With markets pushing valuations and prices ever higher, we need to start asking ourselves if the time has come to apply the brakes to risk exposure. Our systems are unbothered by the recent rally (of course they are - trend following strategies are made to capture upside in rallies) - but there does come a time when fundamental limits are stretched beyond reasonable levels.

We are approaching such a level as we speak. In this article, we’ll go through the process step by step and attempt to understand where capital will rotate and how we can position our portfolios in order to capture the most upside.


  1. Asset Class Allocation

The first step in determining optimal portfolio positioning is taking a look at the performance of the main asset classes, and determining which are suitable for investment. The Asset Class Overview Instrument gives us a clear macro picture.

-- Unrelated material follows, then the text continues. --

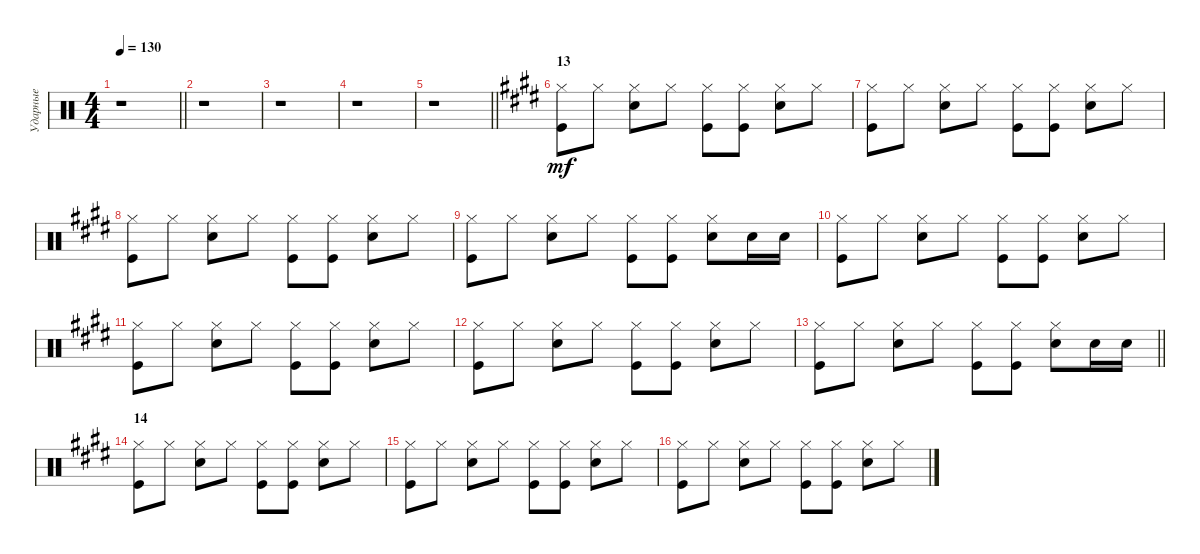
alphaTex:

High Deviation Warning for Equities while Treasuries and Gold remain investible and Commodities are seeing a bit of a revival due to the jump in Oil

SPY continues to trade near all time highs and receives a high deviation warning from our asset allocation instrument. That happens when the distance from the channel median trend-line is above 1.5 standard deviations. In order to better fit the price action to the fundamentals, we need to adjust SPY’s chart for our optimistic Growth Acceleration Scenario, with a $508 median Price Target and 12% CAGR. Even using these rosy assumptions, technical upside sits at $498, which is now just +1.36% away from the last close. Support sits at $468, -4.73% to the downside, near the R2 technical level and the 50-DMA.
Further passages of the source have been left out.